Thursday, 25 September 2008

Bookstores Around the World - Spadina Road Books, in my own back yard. . .


While I try to support independent brick and mortar stores when buying new books, there' s nothing like the internet for finding rare and out of print books. Still, it's nice to occasionally browse a new (to me, that is) used bookstore. I had received an online catalogue via e-mail from Spadina Road Books and phoned them up to inquire about a book that intrigued me. Since I was in the area, I dropped by today during my lunch hour. They have a very nice fiction section and a whole bookcase devoted to books about publishing - many of them from the period of this blog's focus. I have a small collection of these and am always looking to add to it. The books have been well taken care of; protective covers envelope most of the dust jackets. I also love a bookseller with a sense of humour. Here's how the store describes a 1957 edition of George Moore's letters to Lady Cunard in very poor condition.
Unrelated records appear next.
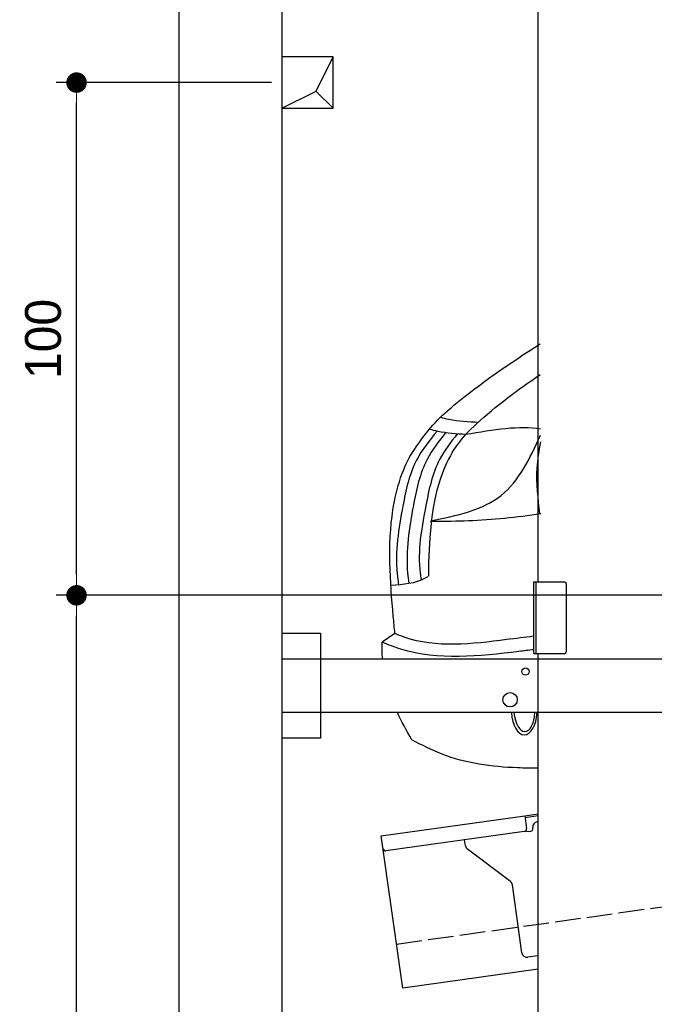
# Model space of a CAD drawing. Extents: x -311 to 6440, y -894 to 6374.
# Tile 2 of 6: x -311 to 926, y 1052 to 2973. Entities that reach past the tile are written whole.
import ezdxf

# ---------------------------------------------------------------- set-up
doc = ezdxf.new("R2010")
doc.units = 0
doc.header["$LTSCALE"] = 10
doc.header["$MEASUREMENT"] = 0
doc.linetypes.add('GEN3', pattern=[6.25, 5, -1.25])
doc.layers.get('0').update_dxf_attribs({"linetype": 'CONTINUOUS'})
doc.layers.get('DEFPOINTS').update_dxf_attribs({"linetype": 'CONTINUOUS'})
for name, color, linetype in [('3', 6, 'GEN3'), ('BREAKTHROUGH', 1, 'CONTINUOUS'), ('CAR', 1, 'CONTINUOUS'), ('SICHTBARE_KANTEN_DIN_', 7, 'CONTINUOUS')]:
    doc.layers.add(name, color=color, linetype=linetype)
doc.layers.add('AM_0', color=7, linetype='CONTINUOUS', lineweight=30)
doc.layers.add('AM_5', color=3, linetype='CONTINUOUS', lineweight=15)
doc.dimstyles.new('KLAUS_DXF', dxfattribs={"dimscale": 20, "dimtxt": 3.5, "dimasz": 2, "dimexe": 2, "dimexo": 1, "dimgap": 1.5, "dimtad": 1, "dimlfac": 0.1, "dimdsep": 46, "dimtxsty": 'Standard', "dimblk": 'DOT', "dimcen": 2, "dimclrd": 256, "dimclre": 256, "dimclrt": 2, "dimadec": 0, "dimazin": 0, "dimtfac": 1, "dimtmove": 2, "dimatfit": 3, "dimfxl": 1, "dimtolj": 1, "dimarcsym": 0})

# ---------------------------------------------------------------- blocks, each defined once
blk = doc.blocks.new('_DOT')
at = {"color": 0, "linetype": 'ByBlock'}
blk.add_line((-0.5, 0), (-1, 0), dxfattribs=at)
at = {"color": 0, "linetype": 'ByBlock', "const_width": 0.5}
blk.add_lwpolyline([(-0.25, 0, 1), (0.25, 0, 1)], format="xyb", close=True, dxfattribs=at)
blk = doc.blocks.new('*D8')
at = {"layer": 'AM_5', "lineweight": -2, "transparency": 16777216}
for p, q in [((5479.5, 1850), (-240.5, 1850)), ((-200.5, -310), (-200.5, 1810)), ((180, -350), (-240.5, -350))]:
    blk.add_line(p, q, dxfattribs=at)
at = {"layer": 'DEFPOINTS', "color": 0, "transparency": 16777216}
for p in [(-200.5, 1850), (5499.5, 1850), (200, -350)]:
    blk.add_point(p, dxfattribs=at)
at = {"layer": 'AM_5', "lineweight": -2, "transparency": 16777216, "xscale": 40, "yscale": 40, "zscale": 40}
for p, rotation in [((-200.5, 1850), 90), ((-200.5, -350), 270)]:
    blk.add_blockref('_DOT', p, dxfattribs=dict(at, rotation=rotation))
at = {"layer": 'AM_5', "color": 2, "transparency": 16777216, "insert": (-265.5, 750), "char_height": 70, "attachment_point": 5, "rotation": 90}
blk.add_mtext('\\A1;220', dxfattribs=at)
blk = doc.blocks.new('*D9')
at = {"layer": 'AM_5', "lineweight": -2, "transparency": 16777216}
for p, q in [((179.5, 2850), (-240.5, 2850)), ((-200.5, 1890), (-200.5, 2810)), ((5479.5, 1850), (-240.5, 1850))]:
    blk.add_line(p, q, dxfattribs=at)
at = {"layer": 'DEFPOINTS', "color": 0, "transparency": 16777216}
for p in [(-200.5, 2850), (199.5, 2850), (5499.5, 1850)]:
    blk.add_point(p, dxfattribs=at)
at = {"layer": 'AM_5', "lineweight": -2, "transparency": 16777216, "xscale": 40, "yscale": 40, "zscale": 40}
for p, rotation in [((-200.5, 2850), 90), ((-200.5, 1850), 270)]:
    blk.add_blockref('_DOT', p, dxfattribs=dict(at, rotation=rotation))
at = {"layer": 'AM_5', "color": 2, "transparency": 16777216, "insert": (-265.5, 2350), "char_height": 70, "attachment_point": 5, "rotation": 90}
blk.add_mtext('\\A1;100', dxfattribs=at)
blk = doc.blocks.new('Van200_EG')
at = {"layer": 'CAR'}
blk.add_line((26399.8, 1420.4), (26374.8, 1403.2), dxfattribs=at)
for major_axis, ratio, start_param, end_param in [((-0.1, -50.8), 0.500238, 4.856216, 7.71236), ((-1, 44.1), 0.466142, 1.725236, 4.537487)]:
    blk.add_ellipse((26652.2, 1273.3), major_axis=major_axis, ratio=ratio, start_param=start_param, end_param=end_param, dxfattribs=at)
for points, knots in [([(26436.7, 1777.6), (26468.3, 1825.5), (26540.3, 1889.7), (26622.6, 1947.1), (26683.2, 1985.3)], [0, 0, 0, 0, 99.01122, 312.388217, 312.388217, 312.388217, 312.388217]), ([(26511.4, 1773.2), (26529.7, 1801.3), (26580.1, 1851.3), (26638.6, 1895.7), (26683.3, 1925.4)], [0, 0, 0, 0, 61.191082, 214.919701, 214.919701, 214.919701, 214.919701]), ([(26469.4, 1639.8), (26520.1, 1650.4), (26619.6, 1671.3), (26663.2, 1761.7), (26683.7, 1807.3)], [0, 0, 0, 0, 146.346521, 287.346021, 287.346021, 287.346021, 287.346021]), ([(26683.7, 1794.3), (26680.4, 1777.2), (26672.9, 1730.6), (26678.4, 1683.4), (26681.9, 1653.6)], [24.561969, 24.561969, 24.561969, 24.561969, 76.677878, 165.962988, 165.962988, 165.962988, 165.962988]), ([(26399.8, 1420.4), (26398.7, 1431.5), (26391.4, 1510.1), (26382, 1636.9), (26415.6, 1746.5), (26436.7, 1777.6)], [149.717851, 149.717851, 149.717851, 149.717851, 183.09991, 385.595028, 511.732027, 511.732027, 511.732027, 511.732027]), ([(26470.8, 1639.5), (26500, 1639.6), (26569, 1640.2), (26637.3, 1647.5), (26684.1, 1654.3)], [0, 0, 0, 0, 64.682316, 206.813826, 206.813826, 206.813826, 206.813826]), ([(26670.4, 1388.7), (26660.9, 1387.5), (26574.3, 1377.3), (26470.9, 1365.8), (26387, 1398.5), (26374.8, 1403.2)], [122.303503, 122.303503, 122.303503, 122.303503, 151.002306, 381.174495, 420.194903, 420.194903, 420.194903, 420.194903]), ([(26670.4, 1415), (26652.9, 1412.8), (26568.4, 1402.3), (26473.6, 1390.2), (26406, 1417.9), (26400.1, 1420.3)], [133.856675, 133.856675, 133.856675, 133.856675, 186.530662, 386.164019, 405.258829, 405.258829, 405.258829, 405.258829]), ([(26679.4, 1157.6), (26666, 1157.6), (26602.4, 1158.6), (26516, 1169.8), (26452.2, 1202.9), (26432.9, 1213)], [154.267561, 154.267561, 154.267561, 154.267561, 194.410173, 344.189159, 409.35076, 409.35076, 409.35076, 409.35076])]:
    blk.add_open_spline(points, degree=3, knots=knots, dxfattribs=at)
for points in [[(26488.4, 1842.2), (26504.8, 1838.4), (26563, 1832.8)], [(26482.1, 1815.1), (26442, 1758.7), (26415.3, 1669), (26404.1, 1536.9), (26406.9, 1514.7)], [(26499.4, 1813.1), (26462.6, 1760), (26435.8, 1670.3), (26424.6, 1538.2), (26426.9, 1518.4)], [(26521.1, 1809.4), (26486.9, 1759.7), (26460.2, 1670), (26449, 1537.9), (26450.7, 1525.8)], [(26467, 1819.1), (26483.4, 1815.2), (26538.3, 1809.1)], [(26464.3, 1531.3), (26458.7, 1528.1), (26393.1, 1513.7)]]:
    blk.add_spline(points, degree=3, dxfattribs=at)
for points in [[(26538.3, 1809.1), (26591.1, 1818), (26643.9, 1826.8), (26683.6, 1819.7)], [(26511.4, 1773.2), (26493.4, 1743), (26464.2, 1680.9), (26465.5, 1532.1)], [(26375.6, 1371.1), (26374.8, 1381.6), (26374.5, 1392.2), (26374.8, 1403.2)], [(26432.9, 1213), (26421.8, 1231.9), (26412.5, 1249.4), (26404.8, 1266.1)]]:
    blk.add_open_spline(points, degree=3, dxfattribs=at)

msp = doc.modelspace()

# ---------------------------------------------------------------- linework, layer by layer
for p, q in [((-0.481, -649.995), (-0.481, 6050.005)), ((699.991, 1876.226), (699.991, 3796.226)), ((690.991, 1876.226), (749.991, 1876.226)), ((690.991, 1736.226), (690.991, 1876.226)), ((694.991, 1876.226), (694.991, 1736.226)), ((754.991, 1741.226), (754.991, 1871.226)), ((199.991, 1776.226), (274.991, 1776.226)), ((199.991, 1776.226), (274.991, 1776.226)), ((274.991, 1776.226), (274.991, 1571.226)), ((274.991, 1776.226), (274.991, 1571.226)), ((690.991, 1736.226), (749.991, 1736.226)), ((699.991, -343.774), (699.991, 1736.226)), ((199.991, 1726.226), (1039.968, 1726.226)), ((1039.968, 1621.226), (199.991, 1621.226)), ((274.991, 1571.226), (199.991, 1571.226)), ((274.991, 1571.226), (199.991, 1571.226)), ((673.507, 1419.919), (699.991, 1423.641)), ((393.756, 1380.602), (673.507, 1419.919)), ((673.507, 1419.919), (676.986, 1395.162)), ((699.991, 1419.601), (674.063, 1415.957)), ((672.731, 1389.515), (402.883, 1351.59)), ((680.297, 1389.568), (685.248, 1390.264)), ((689.504, 1395.911), (689.364, 1396.901)), ((435.508, 1083.522), (393.756, 1380.602)), ((558.024, 1361.419), (556.374, 1373.162)), ((645.648, 1291.723), (561.909, 1354.825)), ((668.162, 1152.573), (649.533, 1285.128)), ((699.991, 1146.948), (679.456, 1144.062)), ((699.991, 1120.692), (435.508, 1083.522))]:
    msp.add_line(p, q)
for centre, radius in [((674.991, 1701.226), 7), ((644.991, 1646.226), 14)]:
    msp.add_circle(centre, radius)
for centre, radius, start, end in [((749.991, 1871.226), 5, 0, 90), ((749.991, 1741.226), 5, 270, 0), ((699.267, 1398.293), 10, 98, 188), ((672.035, 1394.466), 5, 278, 8), ((679.601, 1394.519), 5, 221.236717, 278), ((684.552, 1395.215), 5, 278, 8), ((402.187, 1356.541), 5, 188, 278), ((567.927, 1362.811), 10, 188, 233), ((639.63, 1283.736), 10, 8, 53), ((678.065, 1153.965), 10, 188, 278)]:
    msp.add_arc(centre, radius, start, end)
at = {"layer": '3'}
msp.add_line((423.4, 1169.675), (5430.808, 1873.42), dxfattribs=at)
at = {"layer": 'BREAKTHROUGH'}
for p, q in [((267.09, 2832.957), (299.717, 2900.005)), ((267.09, 2832.957), (299.717, 2900.005)), ((199.717, 2800.005), (267.09, 2832.957)), ((199.717, 2800.005), (267.09, 2832.957)), ((266.872, 2832.85), (299.717, 2800.005)), ((266.872, 2832.85), (299.717, 2800.005))]:
    msp.add_line(p, q, dxfattribs=at)
msp.add_lwpolyline([(299.717, 2900.005), (199.717, 2900.005), (199.717, 2800.005), (299.717, 2800.005)], close=True, dxfattribs=at)
msp.add_lwpolyline([(299.717, 2900.005), (199.717, 2900.005), (199.717, 2800.005), (299.717, 2800.005)], close=True, dxfattribs=at)
at = {"layer": 'SICHTBARE_KANTEN_DIN_'}
msp.add_line((199.435, 5850.005), (200.019, -350), dxfattribs=at)

# ---------------------------------------------------------------- block references
at = {"layer": 'AM_0'}
msp.add_blockref('Van200_EG', (-25979.454, 355.11), dxfattribs=at)

# ---------------------------------------------------------------- dimensions: what is measured, and where the dimension line sits
at = {"layer": 'AM_5'}
for base, p1, p2, override, picture, middle in [((-200.481, 2850.005), (5499.51, 1850.005), (199.51, 2850.005), {"dimpost": '', "dimtol": 0, "dimlim": 0, "dimtp": 0, "dimtm": 0, "dimtfac": 1, "dimtdec": 2, "dimtolj": 1, "dimtzin": 7}, '*D9', (-265.481, 2350.005)), ((-200.481, 1850.005), (200.019, -350), (5499.51, 1850.005), {"dimtol": 0, "dimlim": 0, "dimtp": 0, "dimtm": 0, "dimtfac": 1, "dimtdec": 2, "dimtolj": 1, "dimtzin": 7}, '*D8', (-265.481, 750.002))]:
    dim = msp.add_linear_dim(base=base, p1=p1, p2=p2, angle=90, dimstyle='KLAUS_DXF', override=override, dxfattribs=at)
    dim.commit()
    dim.dimension.update_dxf_attribs({"geometry": picture, "text_midpoint": middle})

doc.saveas('drawing.dxf')

I love the final selling line.

Ex-library copy. Boards and endpapers have extensive adhesive stains from where the dustjacket had been taped down. Library stamp on the copyright page, circulation card on rear free endpaper, circulation pocket on rear pastedown. The dustjacket has complementary adhesive stains along the flap edges, rear flap is mostly missing, dustjacket is rubbed and edgeworn and there is a location label on spine. In spite of the wear to the dustjacket and boards, the text is clean and intact, of course, since according to the date due slip, this book was never once taken out of the library. Worth owning as an exemplar of the librarian's destructive craft and the lack of interest on the part of the reading public.
Nope, wasn't tempted. But you can't blame them for trying. And it did give me the best laugh of the day.

Of course the sign of a good bookstore is when one goes in with the intention of picking up one specific book and comes out with five instead. My target book was a tiny collection of letters from the publisher Martin Secker to D. H. Lawrence from 1911-1929. But I also picked up Publishers on Publishing, a 1961 anthology edited by Gerald Gross; a reprint of John Middleton Murray's 1936 collection of essays on Shakespeare; a Modern Library edition of e.e. cumming's amazing WWI novel The Enormous Room; and The Lost Library: The Autobiography of a Culture by Walter Mehring which looks to be a fascinating read. From the jacket flap copy:

The Lost Library of the title is that body of books which bade fair, up to the fatal year of 1914, to stand as the bulwark of a permanent, ever-growing tradition of enlightenment and progress. . . Mr. Mehring has built the tragic history of Western culture upon a semi-narrative framework, as the refugee narrator reassembles the books of his father's library after receiving them in exile. . .as book after book is unpacked and re-examined, it seems as though the story of the last hundred years in Europe, as revealed in its literary history, were retelling itself.